───── Records for the task

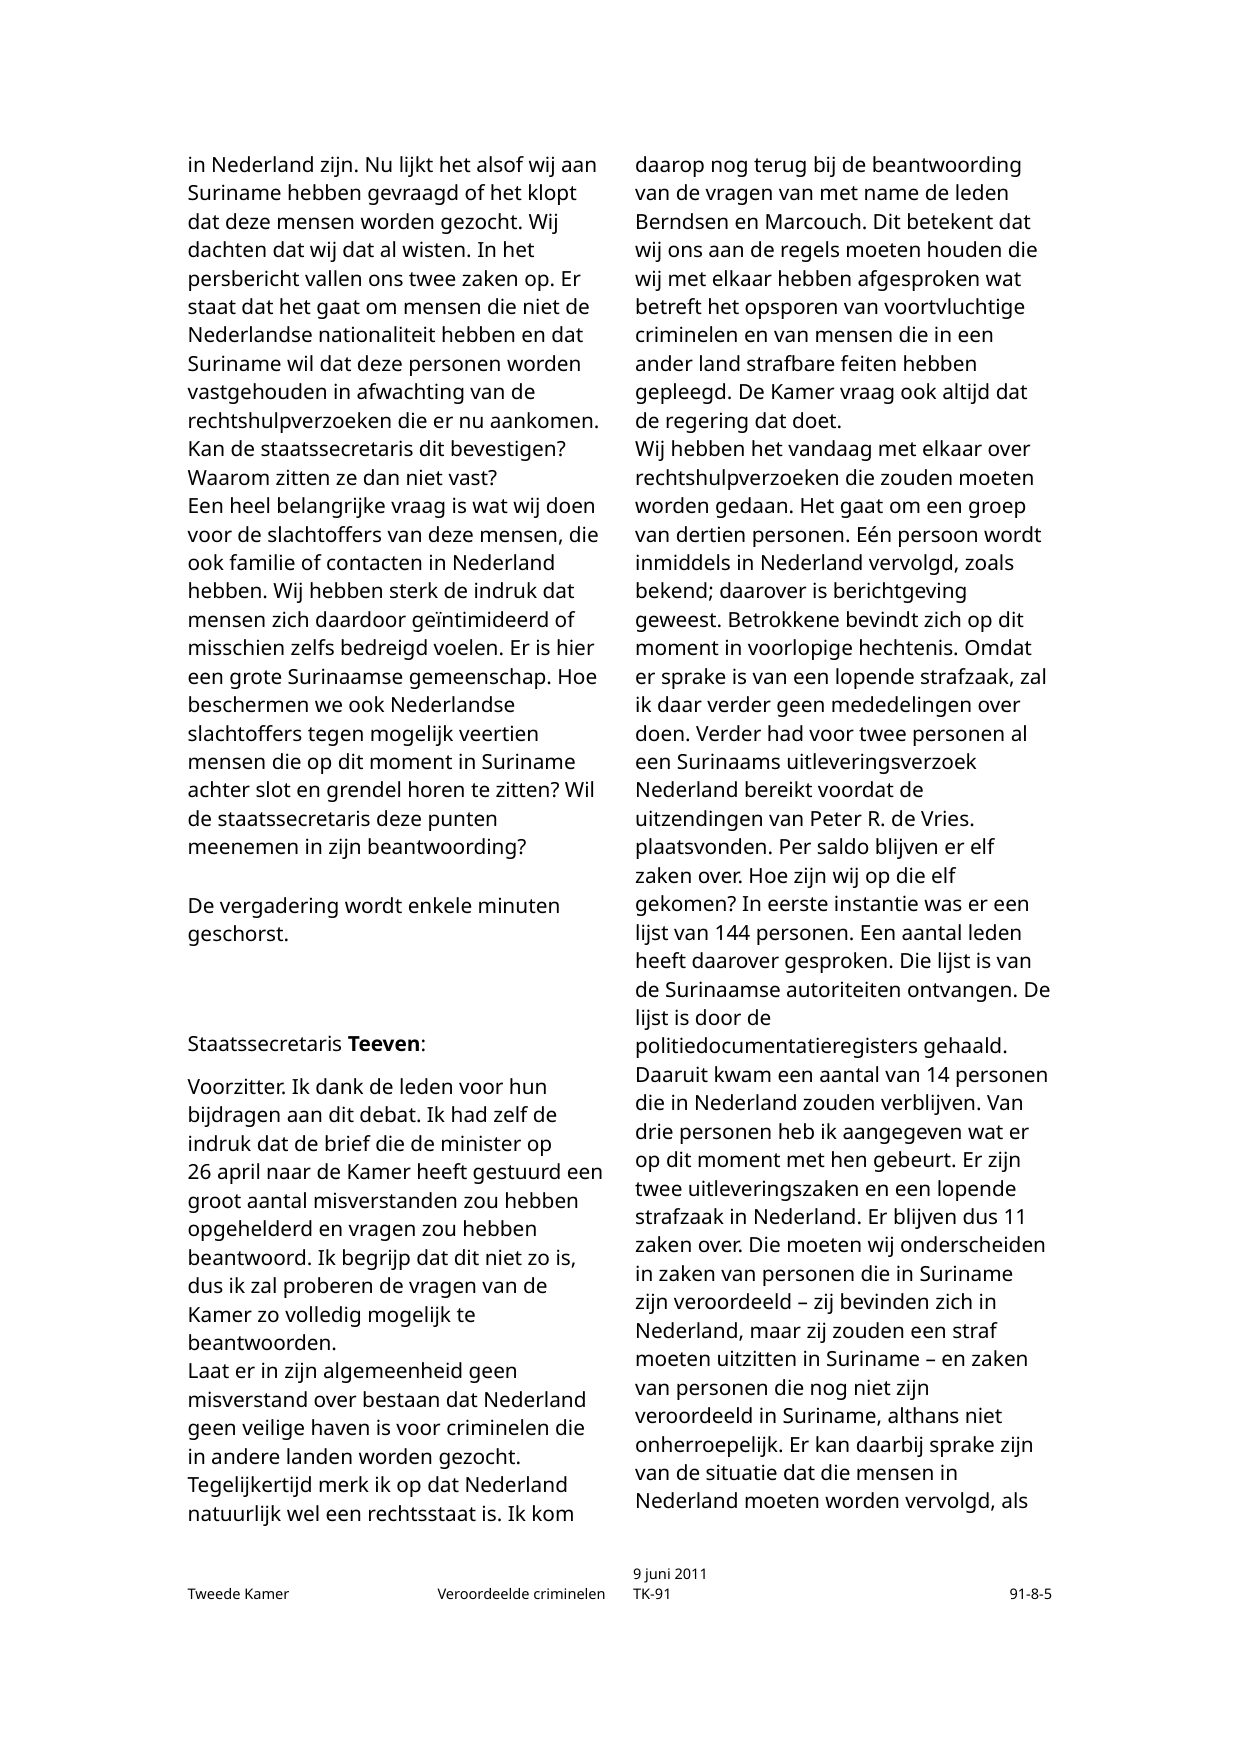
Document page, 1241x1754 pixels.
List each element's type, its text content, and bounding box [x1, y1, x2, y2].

text Wij hebben het vandaag met elkaar over rechtshulpverzoeken die zouden moeten worden gedaan. Het gaat om een groep van dertien personen. Eén persoon wordt inmiddels in Nederland vervolgd, zoals bekend; daarover is berichtgeving geweest. Betrokkene bevindt zich op dit moment in voorlopige hechtenis. Omdat er sprake is van een lopende strafzaak, zal ik daar verder geen mededelingen over doen. Verder had voor twee personen al een Surinaams uitleveringsverzoek Nederland bereikt voordat de uitzendingen van Peter R. de Vries. plaatsvonden. Per saldo blijven er elf zaken over. Hoe zijn wij op die elf gekomen? In eerste instantie was er een lijst van 144 personen. Een aantal leden heeft daarover gesproken. Die lijst is van de Surinaamse autoriteiten ontvangen. De lijst is door de politiedocumentatieregisters gehaald. Daaruit kwam een aantal van 14 personen die in Nederland zouden verblijven. Van drie personen heb ik aangegeven wat er op dit moment met hen gebeurt. Er zijn twee uitleveringszaken en een lopende strafzaak in Nederland. Er blijven dus 11 zaken over. Die moeten wij onderscheiden in zaken van personen die in Suriname zijn veroordeeld – zij bevinden zich in Nederland, maar zij zouden een straf moeten uitzitten in Suriname – en zaken van personen die nog niet zijn veroordeeld in Suriname, althans niet onherroepelijk. Er kan daarbij sprake zijn van de situatie dat die mensen in Nederland moeten worden vervolgd, als [635, 434, 1053, 1515]
text Staatssecretaris Teeven: [187, 1029, 605, 1057]
text Laat er in zijn algemeenheid geen misverstand over bestaan dat Nederland geen veilige haven is voor criminelen die in andere landen worden gezocht. Tegelijkertijd merk ik op dat Nederland natuurlijk wel een rechtsstaat is. Ik kom [187, 1357, 605, 1527]
text Een heel belangrijke vraag is wat wij doen voor de slachtoffers van deze mensen, die ook familie of contacten in Nederland hebben. Wij hebben sterk de indruk dat mensen zich daardoor geïntimideerd of misschien zelfs bedreigd voelen. Er is hier een grote Surinaamse gemeenschap. Hoe beschermen we ook Nederlandse slachtoffers tegen mogelijk veertien mensen die op dit moment in Suriname achter slot en grendel horen te zitten? Wil de staatssecretaris deze punten meenemen in zijn beantwoording? [187, 491, 605, 861]
text daarop nog terug bij de beantwoording van de vragen van met name de leden Berndsen en Marcouch. Dit betekent dat wij ons aan de regels moeten houden die wij met elkaar hebben afgesproken wat betreft het opsporen van voortvluchtige criminelen en van mensen die in een ander land strafbare feiten hebben gepleegd. De Kamer vraag ook altijd dat de regering dat doet. [635, 150, 1053, 434]
text  [187, 978, 605, 1006]
text Voorzitter. Ik dank de leden voor hun bijdragen aan dit debat. Ik had zelf de indruk dat de brief die de minister op 26 april naar de Kamer heeft gestuurd een groot aantal misverstanden zou hebben opgehelderd en vragen zou hebben beantwoord. Ik begrijp dat dit niet zo is, dus ik zal proberen de vragen van de Kamer zo volledig mogelijk te beantwoorden. [187, 1072, 605, 1357]
text De vergadering wordt enkele minuten geschorst. [187, 891, 605, 948]
text in Nederland zijn. Nu lijkt het alsof wij aan Suriname hebben gevraagd of het klopt dat deze mensen worden gezocht. Wij dachten dat wij dat al wisten. In het persbericht vallen ons twee zaken op. Er staat dat het gaat om mensen die niet de Nederlandse nationaliteit hebben en dat Suriname wil dat deze personen worden vastgehouden in afwachting van de rechtshulpverzoeken die er nu aankomen. Kan de staatssecretaris dit bevestigen? Waarom zitten ze dan niet vast? [187, 150, 605, 491]
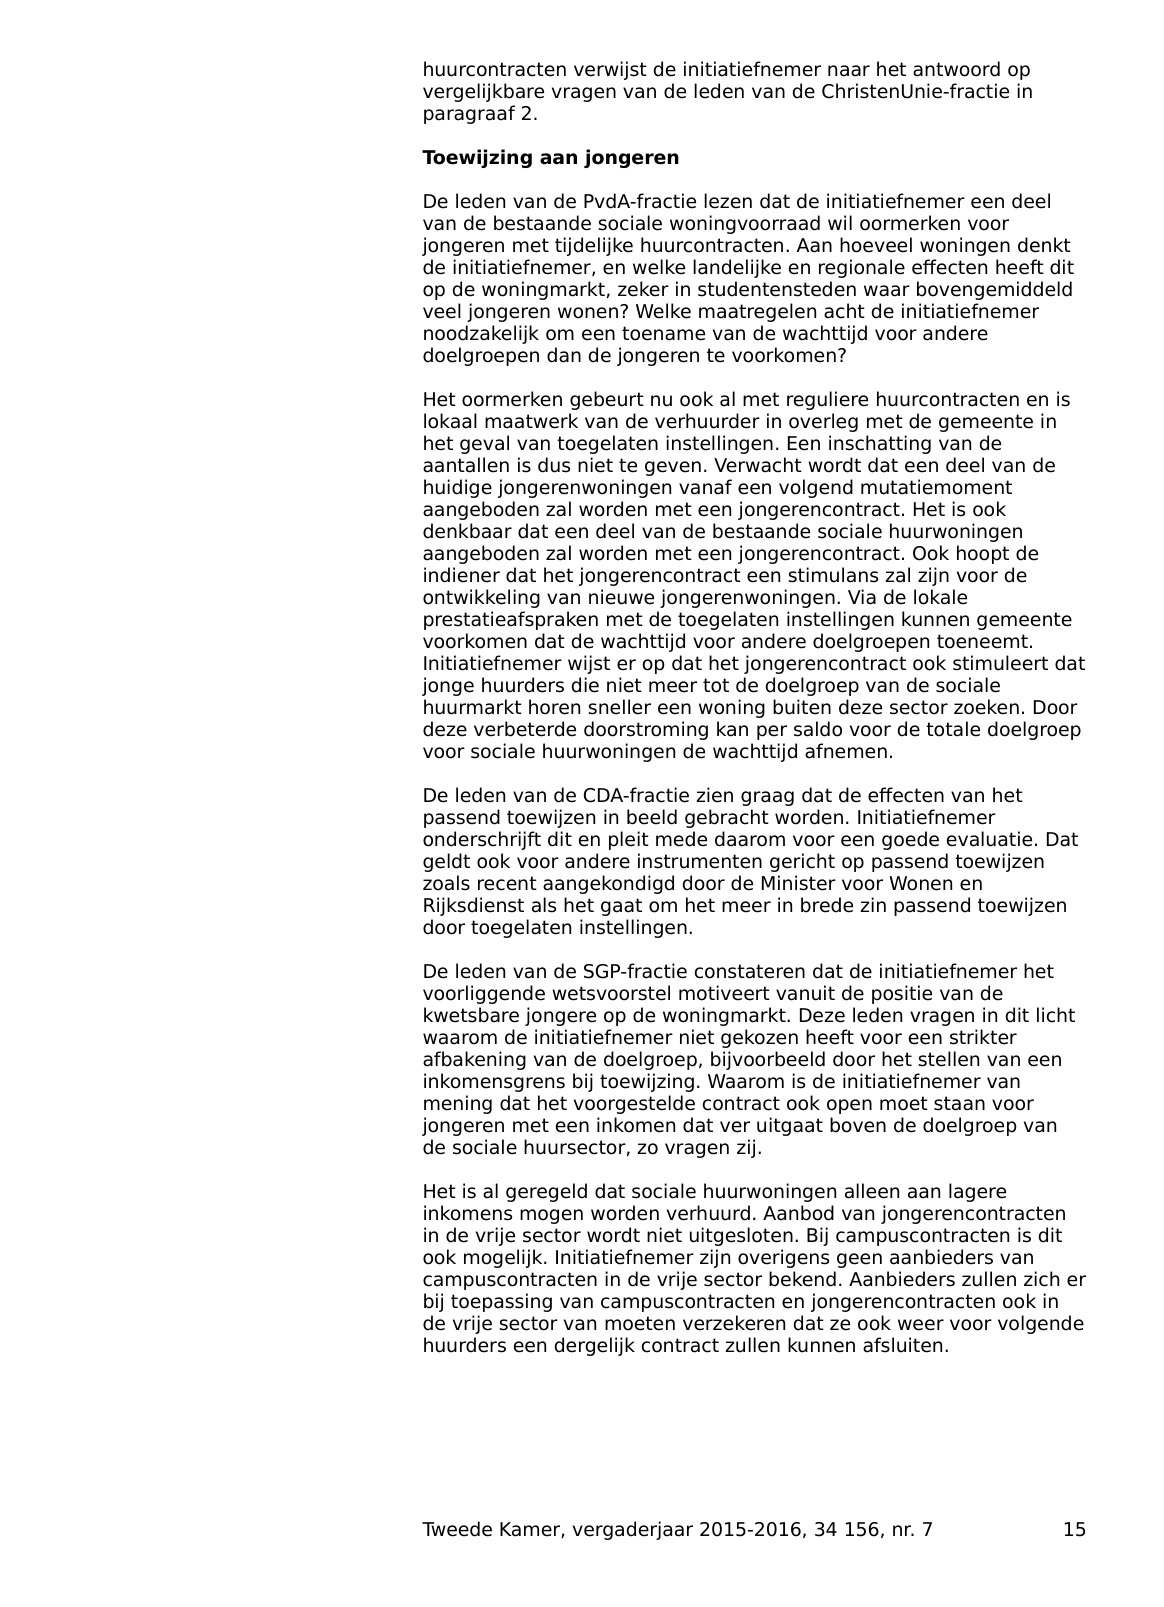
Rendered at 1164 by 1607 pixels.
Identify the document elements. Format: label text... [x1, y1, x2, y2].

text De leden van de PvdA-fractie lezen dat de initiatiefnemer een deel van de bestaande sociale woningvoorraad wil oormerken voor jongeren met tijdelijke huurcontracten. Aan hoeveel woningen denkt de initiatiefnemer, en welke landelijke en regionale effecten heeft dit op de woningmarkt, zeker in studentensteden waar bovengemiddeld veel jongeren wonen? Welke maatregelen acht de initiatiefnemer noodzakelijk om een toename van de wachttijd voor andere doelgroepen dan de jongeren te voorkomen? [422, 191, 1087, 367]
text Het oormerken gebeurt nu ook al met reguliere huurcontracten en is lokaal maatwerk van de verhuurder in overleg met de gemeente in het geval van toegelaten instellingen. Een inschatting van de aantallen is dus niet te geven. Verwacht wordt dat een deel van de huidige jongerenwoningen vanaf een volgend mutatiemoment aangeboden zal worden met een jongerencontract. Het is ook denkbaar dat een deel van de bestaande sociale huurwoningen aangeboden zal worden met een jongerencontract. Ook hoopt de indiener dat het jongerencontract een stimulans zal zijn voor de ontwikkeling van nieuwe jongerenwoningen. Via de lokale prestatieafspraken met de toegelaten instellingen kunnen gemeente voorkomen dat de wachttijd voor andere doelgroepen toeneemt. Initiatiefnemer wijst er op dat het jongerencontract ook stimuleert dat jonge huurders die niet meer tot de doelgroep van de sociale huurmarkt horen sneller een woning buiten deze sector zoeken. Door deze verbeterde doorstroming kan per saldo voor de totale doelgroep voor sociale huurwoningen de wachttijd afnemen. [422, 389, 1087, 763]
text huurcontracten verwijst de initiatiefnemer naar het antwoord op vergelijkbare vragen van de leden van de ChristenUnie-fractie in paragraaf 2. [422, 59, 1087, 125]
text Het is al geregeld dat sociale huurwoningen alleen aan lagere inkomens mogen worden verhuurd. Aanbod van jongerencontracten in de vrije sector wordt niet uitgesloten. Bij campuscontracten is dit ook mogelijk. Initiatiefnemer zijn overigens geen aanbieders van campuscontracten in de vrije sector bekend. Aanbieders zullen zich er bij toepassing van campuscontracten en jongerencontracten ook in de vrije sector van moeten verzekeren dat ze ook weer voor volgende huurders een dergelijk contract zullen kunnen afsluiten. [422, 1181, 1087, 1357]
text De leden van de SGP-fractie constateren dat de initiatiefnemer het voorliggende wetsvoorstel motiveert vanuit de positie van de kwetsbare jongere op de woningmarkt. Deze leden vragen in dit licht waarom de initiatiefnemer niet gekozen heeft voor een strikter afbakening van de doelgroep, bijvoorbeeld door het stellen van een inkomensgrens bij toewijzing. Waarom is de initiatiefnemer van mening dat het voorgestelde contract ook open moet staan voor jongeren met een inkomen dat ver uitgaat boven de doelgroep van de sociale huursector, zo vragen zij. [422, 961, 1087, 1159]
subtitle Toewijzing aan jongeren [422, 147, 1087, 169]
text De leden van de CDA-fractie zien graag dat de effecten van het passend toewijzen in beeld gebracht worden. Initiatiefnemer onderschrijft dit en pleit mede daarom voor een goede evaluatie. Dat geldt ook voor andere instrumenten gericht op passend toewijzen zoals recent aangekondigd door de Minister voor Wonen en Rijksdienst als het gaat om het meer in brede zin passend toewijzen door toegelaten instellingen. [422, 785, 1087, 939]

──────────

• _What you have to do_
Please transcribe the material above exactly as written. Leave the pictures out.

• _Task response_
Document page, 1241x1754 pixels.
List each element's type, its text content, and bounding box [x1, y1, x2, y2].

text Wij hebben het vandaag met elkaar over rechtshulpverzoeken die zouden moeten worden gedaan. Het gaat om een groep van dertien personen. Eén persoon wordt inmiddels in Nederland vervolgd, zoals bekend; daarover is berichtgeving geweest. Betrokkene bevindt zich op dit moment in voorlopige hechtenis. Omdat er sprake is van een lopende strafzaak, zal ik daar verder geen mededelingen over doen. Verder had voor twee personen al een Surinaams uitleveringsverzoek Nederland bereikt voordat de uitzendingen van Peter R. de Vries. plaatsvonden. Per saldo blijven er elf zaken over. Hoe zijn wij op die elf gekomen? In eerste instantie was er een lijst van 144 personen. Een aantal leden heeft daarover gesproken. Die lijst is van de Surinaamse autoriteiten ontvangen. De lijst is door de politiedocumentatieregisters gehaald. Daaruit kwam een aantal van 14 personen die in Nederland zouden verblijven. Van drie personen heb ik aangegeven wat er op dit moment met hen gebeurt. Er zijn twee uitleveringszaken en een lopende strafzaak in Nederland. Er blijven dus 11 zaken over. Die moeten wij onderscheiden in zaken van personen die in Suriname zijn veroordeeld – zij bevinden zich in Nederland, maar zij zouden een straf moeten uitzitten in Suriname – en zaken van personen die nog niet zijn veroordeeld in Suriname, althans niet onherroepelijk. Er kan daarbij sprake zijn van de situatie dat die mensen in Nederland moeten worden vervolgd, als [635, 434, 1053, 1515]
text Staatssecretaris Teeven: [187, 1029, 605, 1057]
text Laat er in zijn algemeenheid geen misverstand over bestaan dat Nederland geen veilige haven is voor criminelen die in andere landen worden gezocht. Tegelijkertijd merk ik op dat Nederland natuurlijk wel een rechtsstaat is. Ik kom [187, 1357, 605, 1527]
text Een heel belangrijke vraag is wat wij doen voor de slachtoffers van deze mensen, die ook familie of contacten in Nederland hebben. Wij hebben sterk de indruk dat mensen zich daardoor geïntimideerd of misschien zelfs bedreigd voelen. Er is hier een grote Surinaamse gemeenschap. Hoe beschermen we ook Nederlandse slachtoffers tegen mogelijk veertien mensen die op dit moment in Suriname achter slot en grendel horen te zitten? Wil de staatssecretaris deze punten meenemen in zijn beantwoording? [187, 491, 605, 861]
text daarop nog terug bij de beantwoording van de vragen van met name de leden Berndsen en Marcouch. Dit betekent dat wij ons aan de regels moeten houden die wij met elkaar hebben afgesproken wat betreft het opsporen van voortvluchtige criminelen en van mensen die in een ander land strafbare feiten hebben gepleegd. De Kamer vraag ook altijd dat de regering dat doet. [635, 150, 1053, 434]
text  [187, 978, 605, 1006]
text Voorzitter. Ik dank de leden voor hun bijdragen aan dit debat. Ik had zelf de indruk dat de brief die de minister op 26 april naar de Kamer heeft gestuurd een groot aantal misverstanden zou hebben opgehelderd en vragen zou hebben beantwoord. Ik begrijp dat dit niet zo is, dus ik zal proberen de vragen van de Kamer zo volledig mogelijk te beantwoorden. [187, 1072, 605, 1357]
text De vergadering wordt enkele minuten geschorst. [187, 891, 605, 948]
text in Nederland zijn. Nu lijkt het alsof wij aan Suriname hebben gevraagd of het klopt dat deze mensen worden gezocht. Wij dachten dat wij dat al wisten. In het persbericht vallen ons twee zaken op. Er staat dat het gaat om mensen die niet de Nederlandse nationaliteit hebben en dat Suriname wil dat deze personen worden vastgehouden in afwachting van de rechtshulpverzoeken die er nu aankomen. Kan de staatssecretaris dit bevestigen? Waarom zitten ze dan niet vast? [187, 150, 605, 491]
Rendered at 1164 by 1607 pixels.
Identify the document elements. Format: label text... [x1, y1, x2, y2].

text De leden van de PvdA-fractie lezen dat de initiatiefnemer een deel van de bestaande sociale woningvoorraad wil oormerken voor jongeren met tijdelijke huurcontracten. Aan hoeveel woningen denkt de initiatiefnemer, en welke landelijke en regionale effecten heeft dit op de woningmarkt, zeker in studentensteden waar bovengemiddeld veel jongeren wonen? Welke maatregelen acht de initiatiefnemer noodzakelijk om een toename van de wachttijd voor andere doelgroepen dan de jongeren te voorkomen? [422, 191, 1087, 367]
text Het oormerken gebeurt nu ook al met reguliere huurcontracten en is lokaal maatwerk van de verhuurder in overleg met de gemeente in het geval van toegelaten instellingen. Een inschatting van de aantallen is dus niet te geven. Verwacht wordt dat een deel van de huidige jongerenwoningen vanaf een volgend mutatiemoment aangeboden zal worden met een jongerencontract. Het is ook denkbaar dat een deel van de bestaande sociale huurwoningen aangeboden zal worden met een jongerencontract. Ook hoopt de indiener dat het jongerencontract een stimulans zal zijn voor de ontwikkeling van nieuwe jongerenwoningen. Via de lokale prestatieafspraken met de toegelaten instellingen kunnen gemeente voorkomen dat de wachttijd voor andere doelgroepen toeneemt. Initiatiefnemer wijst er op dat het jongerencontract ook stimuleert dat jonge huurders die niet meer tot de doelgroep van de sociale huurmarkt horen sneller een woning buiten deze sector zoeken. Door deze verbeterde doorstroming kan per saldo voor de totale doelgroep voor sociale huurwoningen de wachttijd afnemen. [422, 389, 1087, 763]
text huurcontracten verwijst de initiatiefnemer naar het antwoord op vergelijkbare vragen van de leden van de ChristenUnie-fractie in paragraaf 2. [422, 59, 1087, 125]
text Het is al geregeld dat sociale huurwoningen alleen aan lagere inkomens mogen worden verhuurd. Aanbod van jongerencontracten in de vrije sector wordt niet uitgesloten. Bij campuscontracten is dit ook mogelijk. Initiatiefnemer zijn overigens geen aanbieders van campuscontracten in de vrije sector bekend. Aanbieders zullen zich er bij toepassing van campuscontracten en jongerencontracten ook in de vrije sector van moeten verzekeren dat ze ook weer voor volgende huurders een dergelijk contract zullen kunnen afsluiten. [422, 1181, 1087, 1357]
text De leden van de SGP-fractie constateren dat de initiatiefnemer het voorliggende wetsvoorstel motiveert vanuit de positie van de kwetsbare jongere op de woningmarkt. Deze leden vragen in dit licht waarom de initiatiefnemer niet gekozen heeft voor een strikter afbakening van de doelgroep, bijvoorbeeld door het stellen van een inkomensgrens bij toewijzing. Waarom is de initiatiefnemer van mening dat het voorgestelde contract ook open moet staan voor jongeren met een inkomen dat ver uitgaat boven de doelgroep van de sociale huursector, zo vragen zij. [422, 961, 1087, 1159]
subtitle Toewijzing aan jongeren [422, 147, 1087, 169]
text De leden van de CDA-fractie zien graag dat de effecten van het passend toewijzen in beeld gebracht worden. Initiatiefnemer onderschrijft dit en pleit mede daarom voor een goede evaluatie. Dat geldt ook voor andere instrumenten gericht op passend toewijzen zoals recent aangekondigd door de Minister voor Wonen en Rijksdienst als het gaat om het meer in brede zin passend toewijzen door toegelaten instellingen. [422, 785, 1087, 939]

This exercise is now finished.